Papiamento has been an official language of Aruba since May 2003. In the former Netherlands Antilles, Papiamento was made an official language on 7 March 2007. After the dissolution of the Netherlands Antilles on 10 October 2010, Papiamento's official status was confirmed in the newly formed Caribbean Netherlands.

Venezuelan Spanish and American English are constant influences today. Code-switching and lexical borrowing from Spanish, Dutch and English among native speakers is common. This is considered as a threat to the development of the language because of the loss of the authentic and Creole "feel" of Papiamento.

Many immigrants from other parts of the Americas and the Caribbean choose to learn Papiamento because it is more practical in daily life on the islands. For Spanish-speakers, it is easier to learn than Dutch, because Papiamento uses many Spanish and Portuguese words.

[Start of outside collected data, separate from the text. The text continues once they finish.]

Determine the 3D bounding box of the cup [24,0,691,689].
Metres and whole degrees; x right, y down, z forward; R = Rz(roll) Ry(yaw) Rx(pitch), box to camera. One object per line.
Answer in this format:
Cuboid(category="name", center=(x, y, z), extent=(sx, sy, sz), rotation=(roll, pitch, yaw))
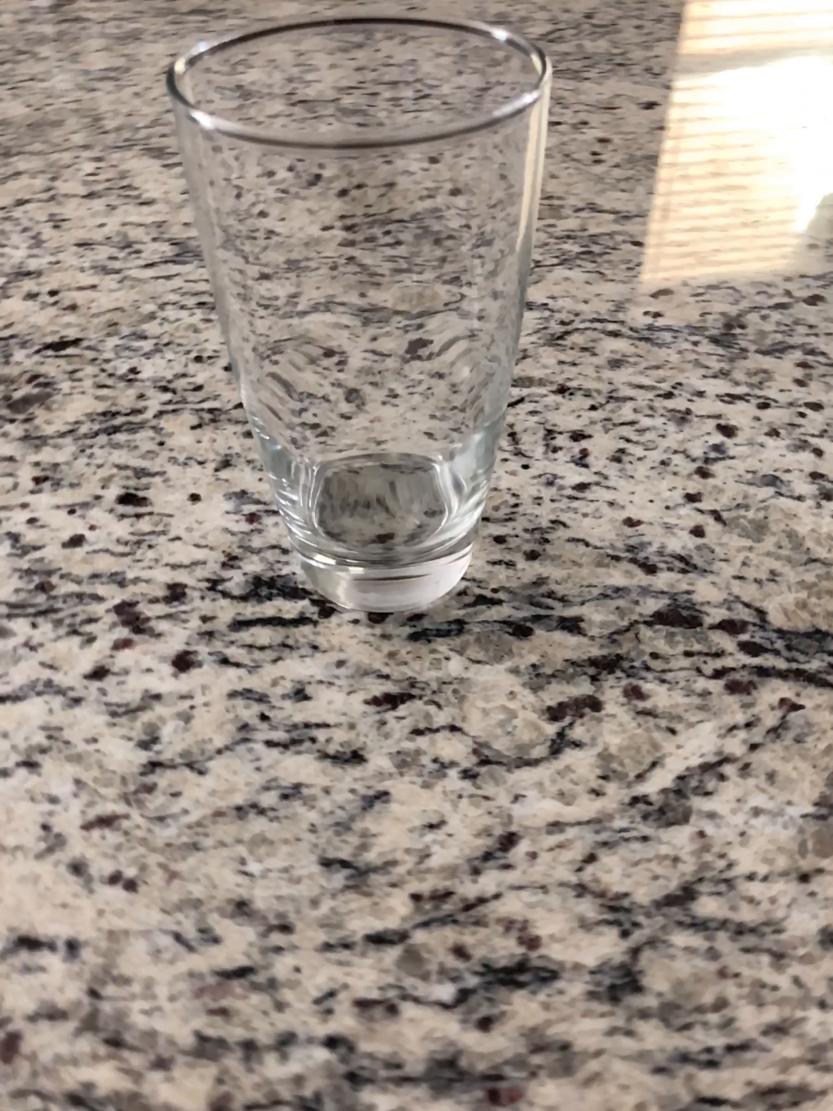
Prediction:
Cuboid(category="cup", center=(-0.008, -0.061, 0.239), extent=(0.100, 0.129, 0.101), rotation=(-1, 44, 1))
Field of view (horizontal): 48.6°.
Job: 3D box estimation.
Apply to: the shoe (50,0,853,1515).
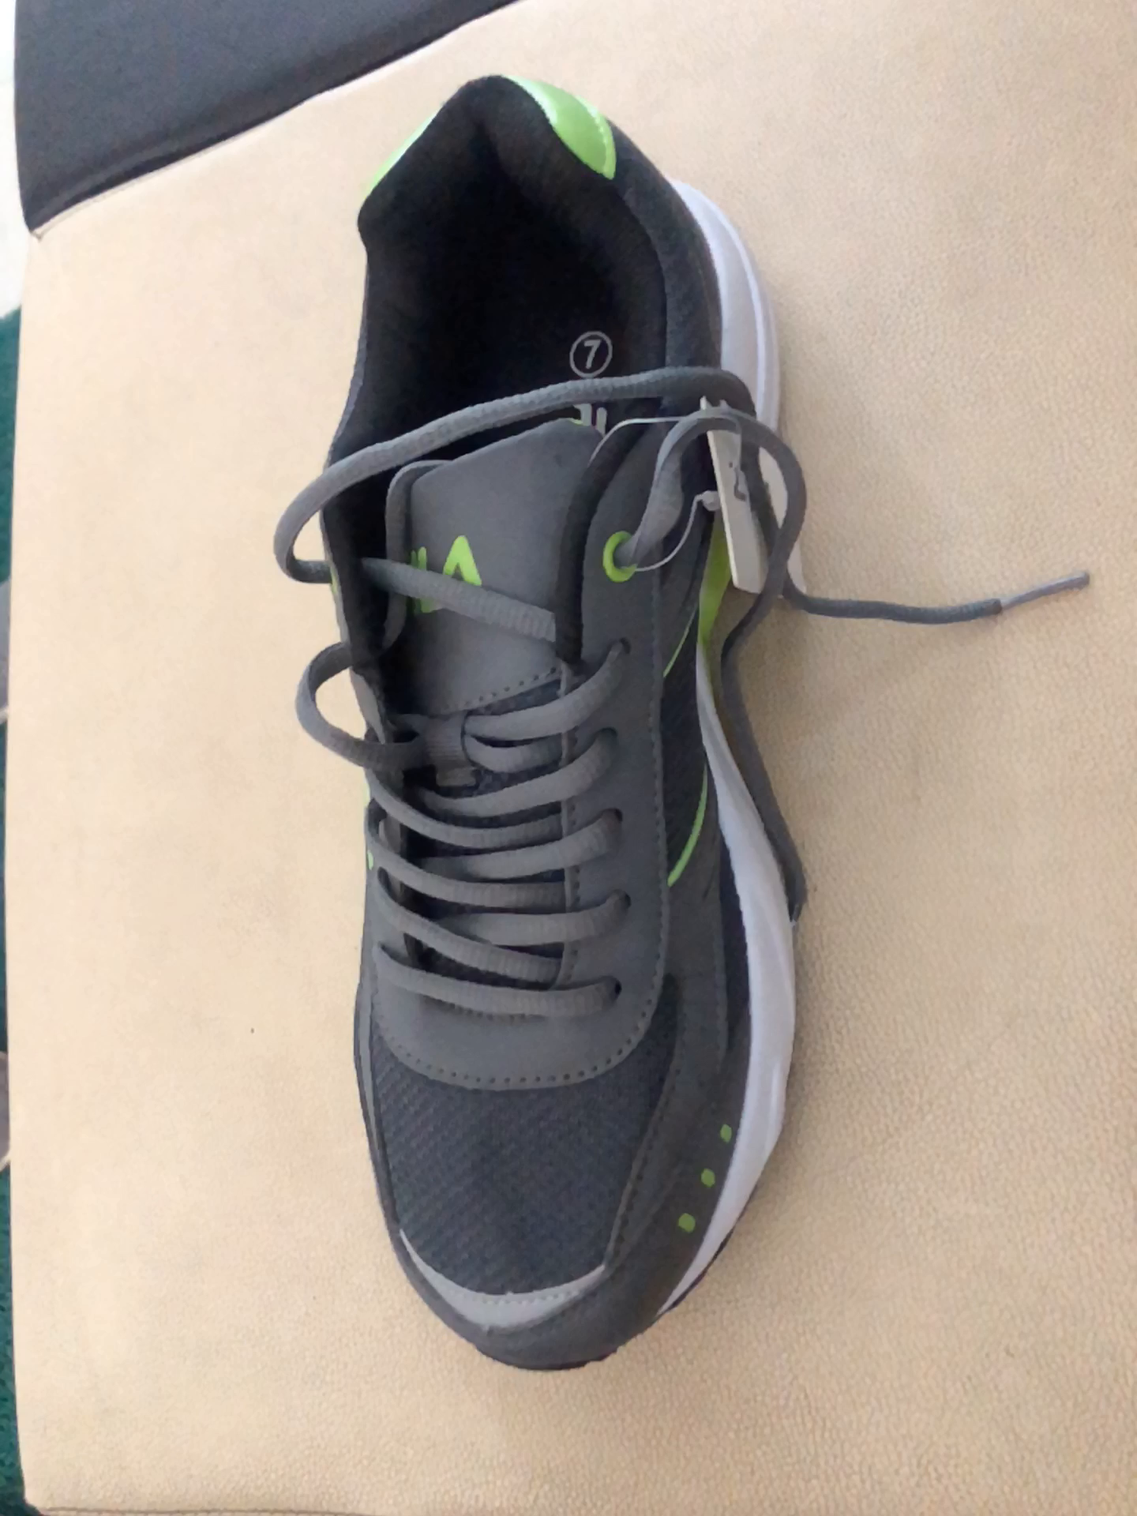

The first opera in Papiamento, adapted by Carel De Haseth from his novel Katibu di Shon, was performed at the Stadsschouwburg in Amsterdam on 1 July 2013, commemorating the 150th anniversary of the ending of slavery in the Dutch Caribbean.

=== Old Papiamento texts ===

The Papiamento language originates from about 1650. The oldest Papiamento texts that have been preserved are written letters. In the following three letters it can be seen that the words changed and the spelling became closer to the Dutch spelling. Although some words are no longer in use, the basis of Papiamento did not change much.

==== Piter May letter 1775 ====

The oldest letter dates from 1775. It was sent by the Sephardic Jew Abraham Andrade to his mistress Sarah Vaz Parro, about a family meeting in the centre of Curaçao.

| Old Papiamento |  | Modern Papiamento |  | English |
| Piter May the ora ky boso a biny. My a topa tio la, ku Sara meme. Nan taba biny Punta. My Dusie, bo pay a manda bo ruman Aronchy, ku Tony & Merca koge na kamina dy Piter May. Es nigrita Antunyca & nan a ybel tras dy forty, & nan a manda sutel guatapana. Mas my no saby pa ky razon. Sy bo saby, manda gabla, ku my Dios pagabo. Bida, manda gabla ku my, kico Bechy a biny busca na Punta & borbe bay asina presto. | Mi tabata na Pietermaai te ora ku boso a bini. Mi a topa tio aya, ku Sara meimei. Nan tabata bini na Punda. Mi dushi, bo pai a manda bo ruman Aronchy, ku Tony i Merka kohe na kaminda di Pietermaai. E negrita Antunika... nan a hib'é tras di fòrti, i nan a manda sut'é na e watapana. Pero mi no sabi pa ki rason. Si bo sabi, manda palabra, ku mi Dios ta bai pagabo. Mi Bida, manda palabra ku mi, kiko Becky a bini buska na Punda, i bolbe bai asina lihé. | I was in Pietermaai until the time you came. I met uncle there, and Sara halfway. They were coming to Punda. My sweetheart, your father sent your brother Aronchy, and Tony and Merka went on their way to Pietermaai. That negress Antunika... they brought her behind the fort, sent to be whipped at the divi-divi tree. But I don't know for what reason. If you know, send me a message, and my God will reward you. My Life, send me a word what Becky came looking for in Punda, and then return as quickly. |

====Boo Jantje letter 1783====

The next letter dates from 1783 and was recently discovered in an English archive. It was sent by Anna Charje in the name of her baby Jantje Boufet to her husband Dirk Schermer in Rotterdam. (The final sentence is standard Dutch.)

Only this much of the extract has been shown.